Charlie Trout

Personal information
- Full name: Charles Trout
- Date of birth: 20 April 1985 (age 41)
- Place of birth: Nottingham, England

College career
- Years: Team / Apps / (Gls)
- 2007–2009: UIC Flames

Senior career*
- Years: Team / Apps / (Gls)
- Lincoln City / 0 / (0)
- Gainsborough Trinity

Managerial career
- 2023–2026: Puerto Rico

= Charlie Trout =

English football manager (born 1985)

Charles Trout (born 20 April 1985) is an English football manager and former player who currently manages the Puerto Rico national team.

Released from Lincoln City without a first-team appearance, he played in the Conference North for Gainsborough Trinity, where he suffered from injury. He moved to the United States to play college soccer for the UIC Flames.

Trout stayed in Chicago to coach youths, and in 2021 was hired by Dave Sarachan to oversee the Puerto Rico under-20 team. When Sarachan resigned in March 2023, Trout succeeded him as manager of the senior team.

==Early life and playing career==
Trout was born in Nottingham and raised in a council estate in Clifton, and became a fan of Nottingham Forest. When he was 11 and representing the Nottinghamshire County Football Association's boys' team, he was scouted for Leeds United, but did not advance through the youth system.

Trout then signed for Lincoln City on an apprenticeship. He was given a first-team squad number and trained with the professionals, but was released at age 19 without playing a game. He then signed for Gainsborough Trinity of the sixth-tier Conference North while working in other jobs during the week. He was sidelined for eight months with a hamstring injury picked up against Kettering Town in the FA Trophy, and recurring injuries afterwards meant that he gave up on finding a way back into professional football in England.

Having previously rejected the chance to play in the United States, Trout had a trial for the UIC Flames of the University of Illinois Chicago. He initially wanted to stay in England after returning during the severe winters of The Windy City, but remained and completed his degree.

==Coaching career==
Trout had helped coach the youth teams at Lincoln, and became involved with inner-city youth teams in Chicago, with several of his players joining the academy of Chicago Fire SC. During the COVID-19 pandemic, he turned down jobs at other clubs and began his own coaching business.
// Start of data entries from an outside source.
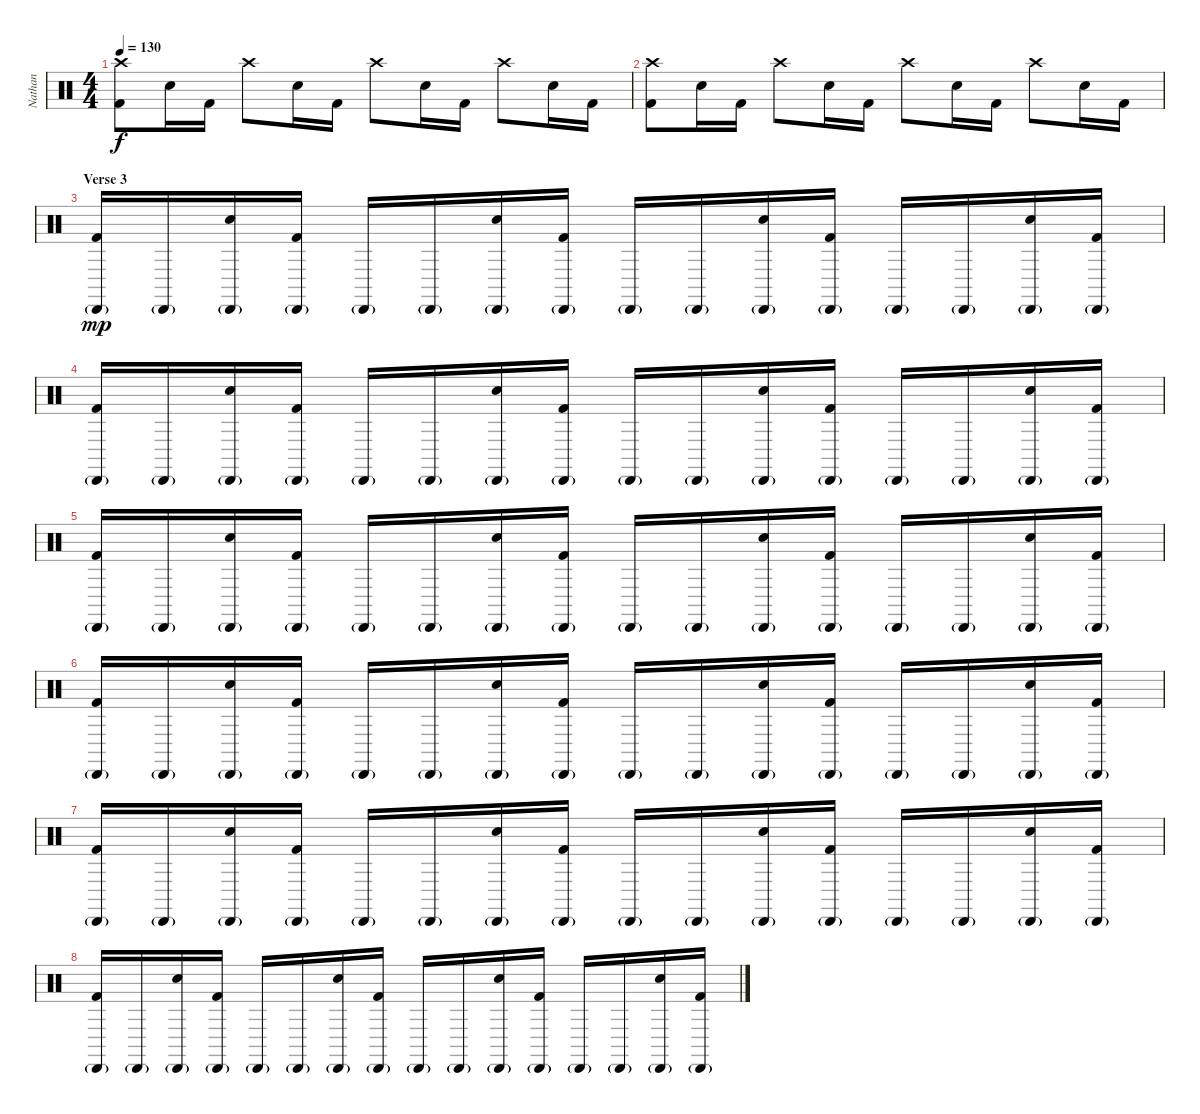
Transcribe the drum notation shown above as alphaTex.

\track ("Nathan" "Nathan") {instrument percussion}
\staff {score}
\articulation defaults
\ts (4 4)
\tempo 130
\clef neutral
\ks c
("Crash high (hit)" "Kick (hit) 2").8{dy f} "Snare (hit) 2".16 "Kick (hit) 2".16 "Crash high (hit)".8 "Snare (hit) 2".16 "Kick (hit) 2".16 "Crash high (hit)".8 "Snare (hit) 2".16 "Kick (hit) 2".16 "Crash high (hit)".8 "Snare (hit) 2".16 "Kick (hit) 2".16 |
("Crash high (hit)" "Kick (hit) 2").8 "Snare (hit) 2".16 "Kick (hit) 2".16 "Crash high (hit)".8 "Snare (hit) 2".16 "Kick (hit) 2".16 "Crash high (hit)".8 "Snare (hit) 2".16 "Kick (hit) 2".16 "Crash high (hit)".8 "Snare (hit) 2".16 "Kick (hit) 2".16 |
\section ("" "Verse 3")
("Cabasa (hit)"{g} "Kick (hit) 2").16{dy mp} "Cabasa (hit)"{g}.16 ("Cabasa (hit)"{g} "Snare (hit) 2").16 ("Cabasa (hit)"{g} "Kick (hit) 2").16 "Cabasa (hit)"{g}.16 "Cabasa (hit)"{g}.16 ("Cabasa (hit)"{g} "Snare (hit) 2").16 ("Cabasa (hit)"{g} "Kick (hit) 2").16 "Cabasa (hit)"{g}.16 "Cabasa (hit)"{g}.16 ("Cabasa (hit)"{g} "Snare (hit) 2").16 ("Cabasa (hit)"{g} "Kick (hit) 2").16 "Cabasa (hit)"{g}.16 "Cabasa (hit)"{g}.16 ("Cabasa (hit)"{g} "Snare (hit) 2").16 ("Cabasa (hit)"{g} "Kick (hit) 2").16 |
("Cabasa (hit)"{g} "Kick (hit) 2").16 "Cabasa (hit)"{g}.16 ("Cabasa (hit)"{g} "Snare (hit) 2").16 ("Cabasa (hit)"{g} "Kick (hit) 2").16 "Cabasa (hit)"{g}.16 "Cabasa (hit)"{g}.16 ("Cabasa (hit)"{g} "Snare (hit) 2").16 ("Cabasa (hit)"{g} "Kick (hit) 2").16 "Cabasa (hit)"{g}.16 "Cabasa (hit)"{g}.16 ("Cabasa (hit)"{g} "Snare (hit) 2").16 ("Cabasa (hit)"{g} "Kick (hit) 2").16 "Cabasa (hit)"{g}.16 "Cabasa (hit)"{g}.16 ("Cabasa (hit)"{g} "Snare (hit) 2").16 ("Cabasa (hit)"{g} "Kick (hit) 2").16 |
("Cabasa (hit)"{g} "Kick (hit) 2").16 "Cabasa (hit)"{g}.16 ("Cabasa (hit)"{g} "Snare (hit) 2").16 ("Cabasa (hit)"{g} "Kick (hit) 2").16 "Cabasa (hit)"{g}.16 "Cabasa (hit)"{g}.16 ("Cabasa (hit)"{g} "Snare (hit) 2").16 ("Cabasa (hit)"{g} "Kick (hit) 2").16 "Cabasa (hit)"{g}.16 "Cabasa (hit)"{g}.16 ("Cabasa (hit)"{g} "Snare (hit) 2").16 ("Cabasa (hit)"{g} "Kick (hit) 2").16 "Cabasa (hit)"{g}.16 "Cabasa (hit)"{g}.16 ("Cabasa (hit)"{g} "Snare (hit) 2").16 ("Cabasa (hit)"{g} "Kick (hit) 2").16 |
("Cabasa (hit)"{g} "Kick (hit) 2").16 "Cabasa (hit)"{g}.16 ("Cabasa (hit)"{g} "Snare (hit) 2").16 ("Cabasa (hit)"{g} "Kick (hit) 2").16 "Cabasa (hit)"{g}.16 "Cabasa (hit)"{g}.16 ("Cabasa (hit)"{g} "Snare (hit) 2").16 ("Cabasa (hit)"{g} "Kick (hit) 2").16 "Cabasa (hit)"{g}.16 "Cabasa (hit)"{g}.16 ("Cabasa (hit)"{g} "Snare (hit) 2").16 ("Cabasa (hit)"{g} "Kick (hit) 2").16 "Cabasa (hit)"{g}.16 "Cabasa (hit)"{g}.16 ("Cabasa (hit)"{g} "Snare (hit) 2").16 ("Cabasa (hit)"{g} "Kick (hit) 2").16 |
("Cabasa (hit)"{g} "Kick (hit) 2").16 "Cabasa (hit)"{g}.16 ("Cabasa (hit)"{g} "Snare (hit) 2").16 ("Cabasa (hit)"{g} "Kick (hit) 2").16 "Cabasa (hit)"{g}.16 "Cabasa (hit)"{g}.16 ("Cabasa (hit)"{g} "Snare (hit) 2").16 ("Cabasa (hit)"{g} "Kick (hit) 2").16 "Cabasa (hit)"{g}.16 "Cabasa (hit)"{g}.16 ("Cabasa (hit)"{g} "Snare (hit) 2").16 ("Cabasa (hit)"{g} "Kick (hit) 2").16 "Cabasa (hit)"{g}.16 "Cabasa (hit)"{g}.16 ("Cabasa (hit)"{g} "Snare (hit) 2").16 ("Cabasa (hit)"{g} "Kick (hit) 2").16 |
("Cabasa (hit)"{g} "Kick (hit) 2").16 "Cabasa (hit)"{g}.16 ("Cabasa (hit)"{g} "Snare (hit) 2").16 ("Cabasa (hit)"{g} "Kick (hit) 2").16 "Cabasa (hit)"{g}.16 "Cabasa (hit)"{g}.16 ("Cabasa (hit)"{g} "Snare (hit) 2").16 ("Cabasa (hit)"{g} "Kick (hit) 2").16 "Cabasa (hit)"{g}.16 "Cabasa (hit)"{g}.16 ("Cabasa (hit)"{g} "Snare (hit) 2").16 ("Cabasa (hit)"{g} "Kick (hit) 2").16 "Cabasa (hit)"{g}.16 "Cabasa (hit)"{g}.16 ("Cabasa (hit)"{g} "Snare (hit) 2").16 ("Cabasa (hit)"{g} "Kick (hit) 2").16

In 2021, American Dave Sarachan became manager of the Puerto Rico national football team and enlisted Trout as an assistant for the under-20 team. Sarachan resigned with promotion from League C of the CONCACAF Nations League already secured, and Trout was named in charge on 19 March 2023, four days ahead of the next fixture away to the British Virgin Islands. The side won his debut 3–1 in Road Town.

Trout led Puerto Rico in 2023 CONCACAF Gold Cup qualification in Florida, defeating Suriname on penalties in the first round before falling 2–0 to Martinique in the final. In the 2023–24 CONCACAF Nations League B, his team came second of four, behind Guyana, while the following season saw the same result behind a Haiti team with a 100% record; Puerto Rico did not finish as one of the best runners-up to advance to the next CONCACAF Gold Cup qualification. In qualification for the 2026 FIFA World Cup, Puerto Rico advanced to the second round and remained in contention to go further, but a draw between Suriname and El Salvador on the final day meant those two teams advanced.

As manager of Puerto Rico, Trout has fielded young players including those still in college soccer in the United States, as it is common for players in their mid-20s to leave football for a more stable or well-paying profession. He commented that some of his opponents such as Suriname could call upon professionals from the Dutch Eredivisie or Spain's La Liga.